[EXERCISE DIRECTIONS]: From the first line to the last, write out the material exactly.

[INFORMATION GIVEN]:
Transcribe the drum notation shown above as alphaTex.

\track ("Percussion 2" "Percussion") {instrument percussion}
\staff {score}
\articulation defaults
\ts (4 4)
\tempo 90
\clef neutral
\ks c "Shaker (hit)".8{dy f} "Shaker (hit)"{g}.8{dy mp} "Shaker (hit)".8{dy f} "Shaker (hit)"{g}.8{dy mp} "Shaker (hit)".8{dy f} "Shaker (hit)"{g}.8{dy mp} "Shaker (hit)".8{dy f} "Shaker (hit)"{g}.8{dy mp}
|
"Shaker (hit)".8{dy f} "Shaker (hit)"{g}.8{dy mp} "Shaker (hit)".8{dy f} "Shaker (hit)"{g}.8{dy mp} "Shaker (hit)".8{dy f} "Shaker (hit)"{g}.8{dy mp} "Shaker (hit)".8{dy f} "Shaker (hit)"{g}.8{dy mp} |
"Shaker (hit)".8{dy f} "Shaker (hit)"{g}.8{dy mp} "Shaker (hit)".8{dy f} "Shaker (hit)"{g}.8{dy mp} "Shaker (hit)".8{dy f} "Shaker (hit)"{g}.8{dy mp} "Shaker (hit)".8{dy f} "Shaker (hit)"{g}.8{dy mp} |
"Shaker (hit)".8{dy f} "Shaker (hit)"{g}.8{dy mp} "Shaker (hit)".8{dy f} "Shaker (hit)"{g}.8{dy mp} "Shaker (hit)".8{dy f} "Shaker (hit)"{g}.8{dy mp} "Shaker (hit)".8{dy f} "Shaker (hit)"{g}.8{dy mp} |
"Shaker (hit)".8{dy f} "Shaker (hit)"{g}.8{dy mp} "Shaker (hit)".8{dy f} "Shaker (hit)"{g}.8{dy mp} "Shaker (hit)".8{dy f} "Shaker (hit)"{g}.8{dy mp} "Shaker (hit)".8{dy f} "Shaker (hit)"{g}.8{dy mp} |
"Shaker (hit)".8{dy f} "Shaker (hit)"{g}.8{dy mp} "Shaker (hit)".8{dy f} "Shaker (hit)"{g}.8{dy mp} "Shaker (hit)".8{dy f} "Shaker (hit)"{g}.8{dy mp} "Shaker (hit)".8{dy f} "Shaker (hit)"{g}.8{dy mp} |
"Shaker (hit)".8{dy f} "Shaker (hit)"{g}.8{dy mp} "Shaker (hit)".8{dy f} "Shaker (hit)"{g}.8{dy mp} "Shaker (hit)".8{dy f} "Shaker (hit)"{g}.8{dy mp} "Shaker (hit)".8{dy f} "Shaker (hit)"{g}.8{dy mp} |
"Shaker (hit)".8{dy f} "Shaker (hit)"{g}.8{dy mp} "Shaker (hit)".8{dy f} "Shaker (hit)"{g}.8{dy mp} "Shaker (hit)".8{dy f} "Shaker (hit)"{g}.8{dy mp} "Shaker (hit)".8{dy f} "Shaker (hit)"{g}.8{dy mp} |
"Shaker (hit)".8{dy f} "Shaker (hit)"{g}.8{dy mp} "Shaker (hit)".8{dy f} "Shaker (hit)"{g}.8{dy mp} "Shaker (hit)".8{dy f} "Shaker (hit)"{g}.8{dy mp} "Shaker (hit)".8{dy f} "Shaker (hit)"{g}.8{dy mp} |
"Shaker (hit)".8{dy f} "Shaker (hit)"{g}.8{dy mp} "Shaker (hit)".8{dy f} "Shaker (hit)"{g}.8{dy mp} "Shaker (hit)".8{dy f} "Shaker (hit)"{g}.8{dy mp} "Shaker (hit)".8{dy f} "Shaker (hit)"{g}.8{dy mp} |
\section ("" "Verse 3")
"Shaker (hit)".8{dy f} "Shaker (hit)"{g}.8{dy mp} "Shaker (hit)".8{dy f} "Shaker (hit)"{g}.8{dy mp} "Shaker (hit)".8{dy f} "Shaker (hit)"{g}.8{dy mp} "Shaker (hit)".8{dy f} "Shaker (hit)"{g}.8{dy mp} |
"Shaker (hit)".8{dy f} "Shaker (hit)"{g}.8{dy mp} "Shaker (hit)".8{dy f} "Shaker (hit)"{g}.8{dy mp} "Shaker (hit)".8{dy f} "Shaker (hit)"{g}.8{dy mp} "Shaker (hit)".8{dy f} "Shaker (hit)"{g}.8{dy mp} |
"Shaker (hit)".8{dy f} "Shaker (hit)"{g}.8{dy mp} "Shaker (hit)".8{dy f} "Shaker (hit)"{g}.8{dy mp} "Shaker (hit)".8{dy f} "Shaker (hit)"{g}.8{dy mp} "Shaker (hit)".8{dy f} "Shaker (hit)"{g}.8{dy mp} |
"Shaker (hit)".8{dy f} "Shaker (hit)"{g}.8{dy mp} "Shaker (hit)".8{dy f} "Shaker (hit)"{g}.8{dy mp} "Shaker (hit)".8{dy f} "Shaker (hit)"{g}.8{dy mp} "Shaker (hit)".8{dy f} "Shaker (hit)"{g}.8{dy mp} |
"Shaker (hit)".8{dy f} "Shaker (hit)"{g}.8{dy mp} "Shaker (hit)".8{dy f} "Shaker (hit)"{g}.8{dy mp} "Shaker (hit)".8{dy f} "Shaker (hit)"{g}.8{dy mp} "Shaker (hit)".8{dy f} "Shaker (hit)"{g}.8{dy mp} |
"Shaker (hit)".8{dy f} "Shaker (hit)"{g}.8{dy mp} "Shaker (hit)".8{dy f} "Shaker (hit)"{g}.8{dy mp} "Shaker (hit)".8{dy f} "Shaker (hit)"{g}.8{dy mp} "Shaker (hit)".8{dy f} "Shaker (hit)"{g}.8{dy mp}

[EXPECTED OUTPUT]:
Transcribe the drum notation shown above as alphaTex.

\track ("Percussion 2" "Percussion") {instrument percussion}
\staff {score}
\articulation defaults
\ts (4 4)
\tempo 90
\clef neutral
\ks c "Shaker (hit)".8{dy f} "Shaker (hit)"{g}.8{dy mp} "Shaker (hit)".8{dy f} "Shaker (hit)"{g}.8{dy mp} "Shaker (hit)".8{dy f} "Shaker (hit)"{g}.8{dy mp} "Shaker (hit)".8{dy f} "Shaker (hit)"{g}.8{dy mp}
|
"Shaker (hit)".8{dy f} "Shaker (hit)"{g}.8{dy mp} "Shaker (hit)".8{dy f} "Shaker (hit)"{g}.8{dy mp} "Shaker (hit)".8{dy f} "Shaker (hit)"{g}.8{dy mp} "Shaker (hit)".8{dy f} "Shaker (hit)"{g}.8{dy mp} |
"Shaker (hit)".8{dy f} "Shaker (hit)"{g}.8{dy mp} "Shaker (hit)".8{dy f} "Shaker (hit)"{g}.8{dy mp} "Shaker (hit)".8{dy f} "Shaker (hit)"{g}.8{dy mp} "Shaker (hit)".8{dy f} "Shaker (hit)"{g}.8{dy mp} |
"Shaker (hit)".8{dy f} "Shaker (hit)"{g}.8{dy mp} "Shaker (hit)".8{dy f} "Shaker (hit)"{g}.8{dy mp} "Shaker (hit)".8{dy f} "Shaker (hit)"{g}.8{dy mp} "Shaker (hit)".8{dy f} "Shaker (hit)"{g}.8{dy mp} |
"Shaker (hit)".8{dy f} "Shaker (hit)"{g}.8{dy mp} "Shaker (hit)".8{dy f} "Shaker (hit)"{g}.8{dy mp} "Shaker (hit)".8{dy f} "Shaker (hit)"{g}.8{dy mp} "Shaker (hit)".8{dy f} "Shaker (hit)"{g}.8{dy mp} |
"Shaker (hit)".8{dy f} "Shaker (hit)"{g}.8{dy mp} "Shaker (hit)".8{dy f} "Shaker (hit)"{g}.8{dy mp} "Shaker (hit)".8{dy f} "Shaker (hit)"{g}.8{dy mp} "Shaker (hit)".8{dy f} "Shaker (hit)"{g}.8{dy mp} |
"Shaker (hit)".8{dy f} "Shaker (hit)"{g}.8{dy mp} "Shaker (hit)".8{dy f} "Shaker (hit)"{g}.8{dy mp} "Shaker (hit)".8{dy f} "Shaker (hit)"{g}.8{dy mp} "Shaker (hit)".8{dy f} "Shaker (hit)"{g}.8{dy mp} |
"Shaker (hit)".8{dy f} "Shaker (hit)"{g}.8{dy mp} "Shaker (hit)".8{dy f} "Shaker (hit)"{g}.8{dy mp} "Shaker (hit)".8{dy f} "Shaker (hit)"{g}.8{dy mp} "Shaker (hit)".8{dy f} "Shaker (hit)"{g}.8{dy mp} |
"Shaker (hit)".8{dy f} "Shaker (hit)"{g}.8{dy mp} "Shaker (hit)".8{dy f} "Shaker (hit)"{g}.8{dy mp} "Shaker (hit)".8{dy f} "Shaker (hit)"{g}.8{dy mp} "Shaker (hit)".8{dy f} "Shaker (hit)"{g}.8{dy mp} |
"Shaker (hit)".8{dy f} "Shaker (hit)"{g}.8{dy mp} "Shaker (hit)".8{dy f} "Shaker (hit)"{g}.8{dy mp} "Shaker (hit)".8{dy f} "Shaker (hit)"{g}.8{dy mp} "Shaker (hit)".8{dy f} "Shaker (hit)"{g}.8{dy mp} |
\section ("" "Verse 3")
"Shaker (hit)".8{dy f} "Shaker (hit)"{g}.8{dy mp} "Shaker (hit)".8{dy f} "Shaker (hit)"{g}.8{dy mp} "Shaker (hit)".8{dy f} "Shaker (hit)"{g}.8{dy mp} "Shaker (hit)".8{dy f} "Shaker (hit)"{g}.8{dy mp} |
"Shaker (hit)".8{dy f} "Shaker (hit)"{g}.8{dy mp} "Shaker (hit)".8{dy f} "Shaker (hit)"{g}.8{dy mp} "Shaker (hit)".8{dy f} "Shaker (hit)"{g}.8{dy mp} "Shaker (hit)".8{dy f} "Shaker (hit)"{g}.8{dy mp} |
"Shaker (hit)".8{dy f} "Shaker (hit)"{g}.8{dy mp} "Shaker (hit)".8{dy f} "Shaker (hit)"{g}.8{dy mp} "Shaker (hit)".8{dy f} "Shaker (hit)"{g}.8{dy mp} "Shaker (hit)".8{dy f} "Shaker (hit)"{g}.8{dy mp} |
"Shaker (hit)".8{dy f} "Shaker (hit)"{g}.8{dy mp} "Shaker (hit)".8{dy f} "Shaker (hit)"{g}.8{dy mp} "Shaker (hit)".8{dy f} "Shaker (hit)"{g}.8{dy mp} "Shaker (hit)".8{dy f} "Shaker (hit)"{g}.8{dy mp} |
"Shaker (hit)".8{dy f} "Shaker (hit)"{g}.8{dy mp} "Shaker (hit)".8{dy f} "Shaker (hit)"{g}.8{dy mp} "Shaker (hit)".8{dy f} "Shaker (hit)"{g}.8{dy mp} "Shaker (hit)".8{dy f} "Shaker (hit)"{g}.8{dy mp} |
"Shaker (hit)".8{dy f} "Shaker (hit)"{g}.8{dy mp} "Shaker (hit)".8{dy f} "Shaker (hit)"{g}.8{dy mp} "Shaker (hit)".8{dy f} "Shaker (hit)"{g}.8{dy mp} "Shaker (hit)".8{dy f} "Shaker (hit)"{g}.8{dy mp}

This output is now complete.